Single action semi autos are carried safety on.

Double actions that I can mechanically decock rather than pulling the trigger and riding the hammer down with a thumb (or, in the case of my little Beretta Tomcat, load the chamber by tipping the barrel up) are carried hammer down, safety off.

Why the mechanical decocker requirement?

Because disabling all the automatic safeties there may be in the gun by pulling the trigger and riding the hammer down with only my thumb gives me the heebee-jeebees and strikes me as a negligent discharge waiting for a place to happen. Demon Murphy seems to keep a close eye on my and there's no sense in giving him an inside track to mischief.

Many moons ago, Smith and Wesson came out with their 3rd Generation bottom feeders and they found a ready market in the law enforcement community. Since the safeties on the 3rd Gen Smiths are a) slide mounted instead of frame mounted and b) flip up for off rather than down, the LEO community used the safeties to decock and carried them hammer down, safety off. A few of my shooting buddies happen to be LEO's at the time, so I picked up their methodology on the 4006 that was my primary carry at the time. It's carried on through the years and has been applied to any DA bottom feeder I carry.

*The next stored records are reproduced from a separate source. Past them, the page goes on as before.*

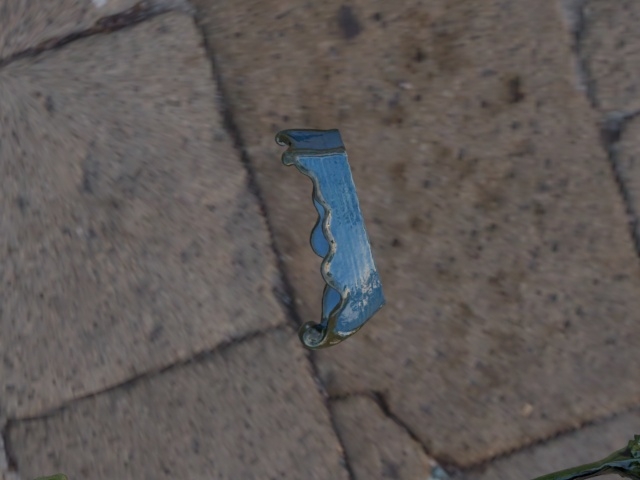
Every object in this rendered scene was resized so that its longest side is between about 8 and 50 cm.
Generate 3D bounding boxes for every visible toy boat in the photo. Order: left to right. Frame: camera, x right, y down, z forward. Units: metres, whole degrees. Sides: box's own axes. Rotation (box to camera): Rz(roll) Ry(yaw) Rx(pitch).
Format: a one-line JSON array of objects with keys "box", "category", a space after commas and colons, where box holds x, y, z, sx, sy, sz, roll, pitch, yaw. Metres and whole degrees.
[{"box": [0.000, 0.000, 1.404, 0.077, 0.075, 0.185, -16, 116, 0], "category": "toy boat"}]

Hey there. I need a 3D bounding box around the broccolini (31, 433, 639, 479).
[{"box": [0.054, 0.112, 0.792, 0.392, 0.074, 0.078, 3, 120, 10], "category": "broccolini"}]
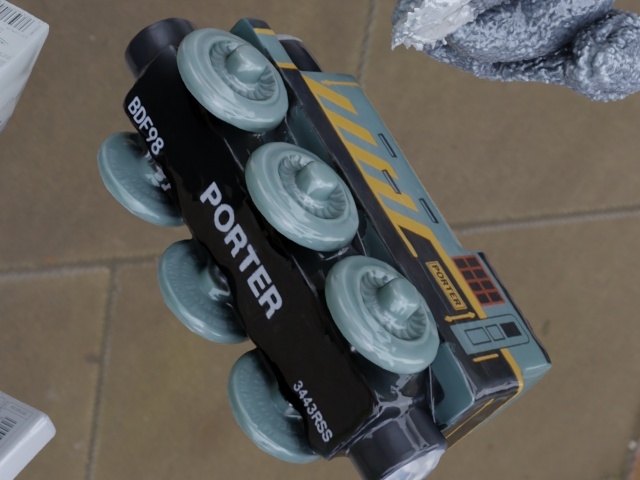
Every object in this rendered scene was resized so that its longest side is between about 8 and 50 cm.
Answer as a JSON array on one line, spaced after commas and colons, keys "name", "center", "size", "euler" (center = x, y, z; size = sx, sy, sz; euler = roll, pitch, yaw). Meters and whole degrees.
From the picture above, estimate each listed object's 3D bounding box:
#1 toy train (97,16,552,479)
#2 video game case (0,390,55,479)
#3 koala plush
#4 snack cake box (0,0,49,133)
[{"name": "toy train", "center": [0.000, 0.000, 0.851], "size": [0.190, 0.334, 0.142], "euler": [-3, 144, -50]}, {"name": "video game case", "center": [-0.296, 0.157, 0.865], "size": [0.201, 0.183, 0.023], "euler": [-49, 139, -29]}, {"name": "koala plush", "center": [0.110, -0.200, 0.944], "size": [0.221, 0.203, 0.196], "euler": [1, 92, -60]}, {"name": "snack cake box", "center": [-0.313, -0.135, 0.806], "size": [0.264, 0.152, 0.089], "euler": [29, 117, -5]}]
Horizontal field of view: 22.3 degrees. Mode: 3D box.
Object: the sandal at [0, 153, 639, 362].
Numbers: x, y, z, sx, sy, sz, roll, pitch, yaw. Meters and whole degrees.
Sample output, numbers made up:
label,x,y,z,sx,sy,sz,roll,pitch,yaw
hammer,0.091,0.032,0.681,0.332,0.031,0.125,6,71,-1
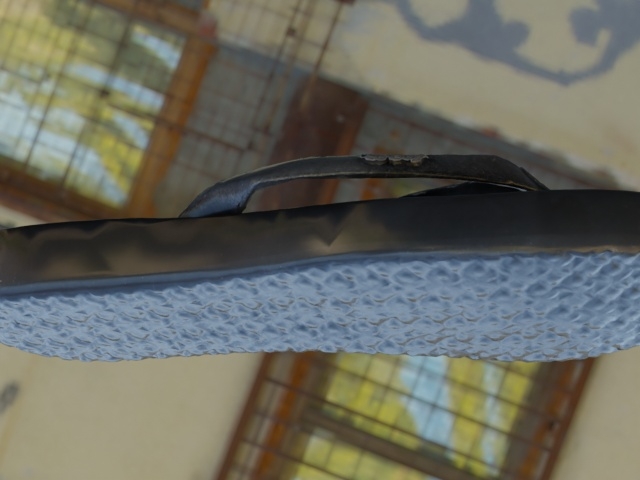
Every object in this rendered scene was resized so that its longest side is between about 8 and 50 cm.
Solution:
label,x,y,z,sx,sy,sz,roll,pitch,yaw
sandal,-0.001,0.000,0.515,0.255,0.054,0.097,-2,158,20
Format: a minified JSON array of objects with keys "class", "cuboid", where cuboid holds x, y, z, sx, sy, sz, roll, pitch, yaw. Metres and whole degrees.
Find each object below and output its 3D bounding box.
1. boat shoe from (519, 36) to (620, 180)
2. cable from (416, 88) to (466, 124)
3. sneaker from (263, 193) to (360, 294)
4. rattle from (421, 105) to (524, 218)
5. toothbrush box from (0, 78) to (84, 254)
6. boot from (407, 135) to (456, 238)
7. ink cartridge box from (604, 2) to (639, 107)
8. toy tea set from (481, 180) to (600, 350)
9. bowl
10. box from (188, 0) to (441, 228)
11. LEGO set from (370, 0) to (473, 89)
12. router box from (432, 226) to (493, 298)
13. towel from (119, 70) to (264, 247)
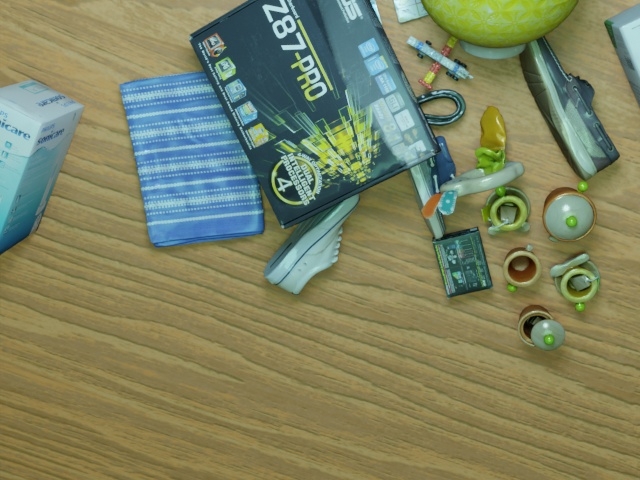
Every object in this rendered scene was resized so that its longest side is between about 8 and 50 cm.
[{"class":"boat shoe","cuboid":[0.444,-0.249,1.622,0.092,0.103,0.285,-28,98,2]},{"class":"cable","cuboid":[0.123,-0.230,1.705,0.287,0.072,0.139,-24,86,2]},{"class":"sneaker","cuboid":[0.000,0.000,1.769,0.091,0.094,0.258,34,114,-23]},{"class":"rattle","cuboid":[0.260,-0.139,1.639,0.200,0.130,0.142,-19,118,-13]},{"class":"toothbrush box","cuboid":[-0.587,-0.139,1.727,0.126,0.216,0.295,27,109,-2]},{"class":"boot","cuboid":[0.223,-0.099,1.712,0.086,0.069,0.190,-22,112,-3]},{"class":"ink cartridge box","cuboid":[0.580,-0.291,1.555,0.093,0.160,0.219,-25,103,14]},{"class":"toy tea set","cuboid":[0.428,0.049,1.697,0.200,0.124,0.336,-13,105,11]},{"class":"bowl","cuboid":[0.296,-0.399,1.520,0.290,0.289,0.156,3,130,7]},{"class":"box","cuboid":[-0.010,-0.262,1.625,0.318,0.097,0.394,-25,91,17]},{"class":"LEGO set","cuboid":[0.166,-0.357,1.631,0.244,0.060,0.182,-15,99,4]},{"class":"router box","cuboid":[0.276,0.043,1.761,0.092,0.038,0.122,-14,104,11]},{"class":"towel","cuboid":[-0.248,-0.157,1.770,0.243,0.040,0.335,-6,106,8]}]
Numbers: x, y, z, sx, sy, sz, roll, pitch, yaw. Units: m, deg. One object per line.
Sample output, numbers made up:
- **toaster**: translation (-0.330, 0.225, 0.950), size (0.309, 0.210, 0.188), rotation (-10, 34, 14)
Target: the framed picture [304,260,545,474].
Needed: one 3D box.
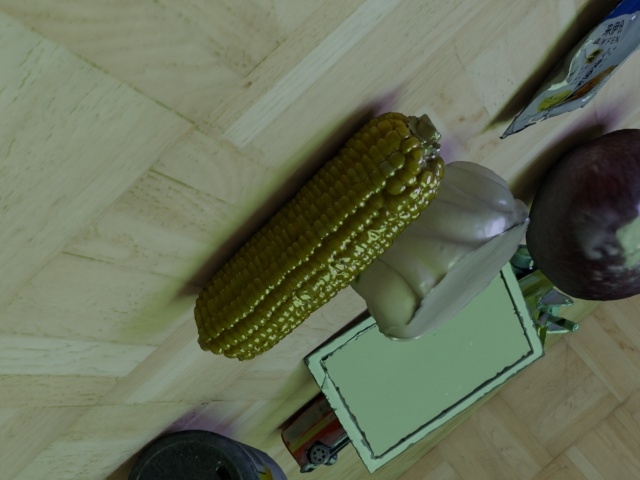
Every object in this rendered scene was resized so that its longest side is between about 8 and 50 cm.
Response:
- **framed picture**: translation (0.131, 0.137, 1.316), size (0.273, 0.016, 0.216), rotation (-32, 125, -8)

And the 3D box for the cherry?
- **cherry**: translation (0.345, -0.029, 1.293), size (0.213, 0.183, 0.266), rotation (-50, 147, 4)

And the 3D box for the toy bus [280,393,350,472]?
- **toy bus**: translation (0.029, 0.235, 1.471), size (0.174, 0.077, 0.079), rotation (-41, 163, 1)

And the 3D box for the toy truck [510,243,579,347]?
- **toy truck**: translation (0.248, 0.107, 1.455), size (0.259, 0.135, 0.128), rotation (-18, 123, -44)

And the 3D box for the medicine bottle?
- **medicine bottle**: translation (-0.109, 0.289, 1.202), size (0.141, 0.141, 0.293), rotation (-39, 164, -4)

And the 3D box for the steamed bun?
- **steamed bun**: translation (0.095, 0.003, 0.967), size (0.183, 0.106, 0.183), rotation (-39, 162, -15)

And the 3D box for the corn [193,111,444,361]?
- **corn**: translation (0.000, 0.000, 0.795), size (0.238, 0.080, 0.080), rotation (-45, 163, 16)

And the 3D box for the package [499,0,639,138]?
- **package**: translation (0.252, -0.166, 1.000), size (0.171, 0.027, 0.173), rotation (-23, 160, -46)
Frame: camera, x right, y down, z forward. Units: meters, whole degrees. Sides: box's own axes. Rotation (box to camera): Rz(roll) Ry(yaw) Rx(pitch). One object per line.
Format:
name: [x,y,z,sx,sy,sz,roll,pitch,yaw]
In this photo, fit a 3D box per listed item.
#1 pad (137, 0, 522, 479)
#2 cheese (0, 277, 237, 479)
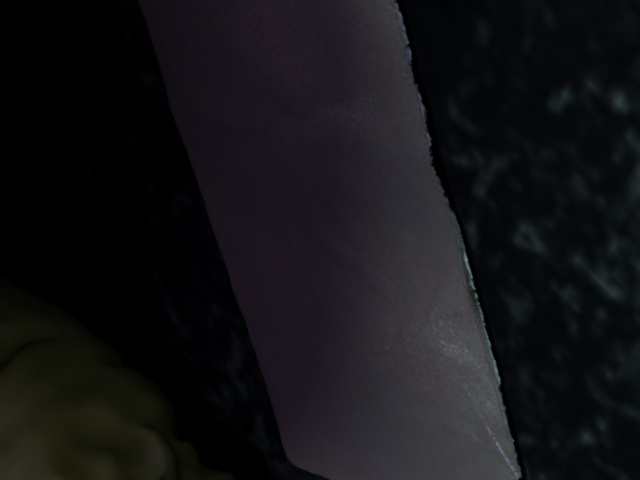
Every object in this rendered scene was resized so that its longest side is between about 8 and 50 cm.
pad: [0.000,0.000,0.513,0.113,0.006,0.188,15,130,48]
cheese: [-0.102,0.129,0.674,0.214,0.117,0.226,34,138,24]
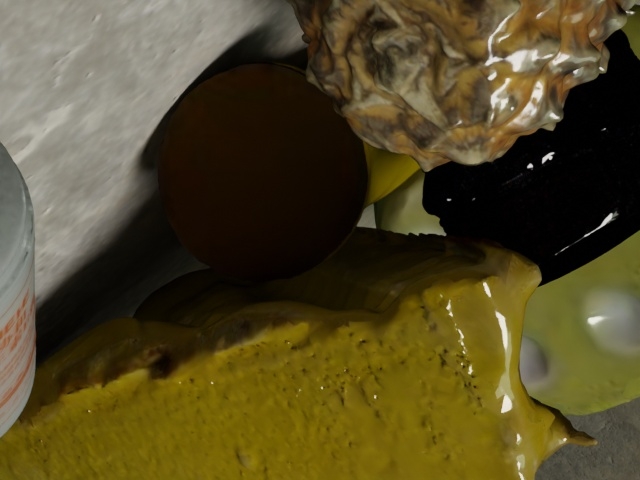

If the DA trigger pull is as heavy as a DA revolver (8 pounds plus), then I see no need for a manual safety. If the gun in question has one of those lowest common denominator actions where there's a single action trigger weight on a double action trigger stroke, then a manual safety is needed. If my Series 70 Combat Commander with the stock 5 1/2 pound trigger pull needs a manual safety, then that so-called 'light double action' with the identical trigger pull weight does, too.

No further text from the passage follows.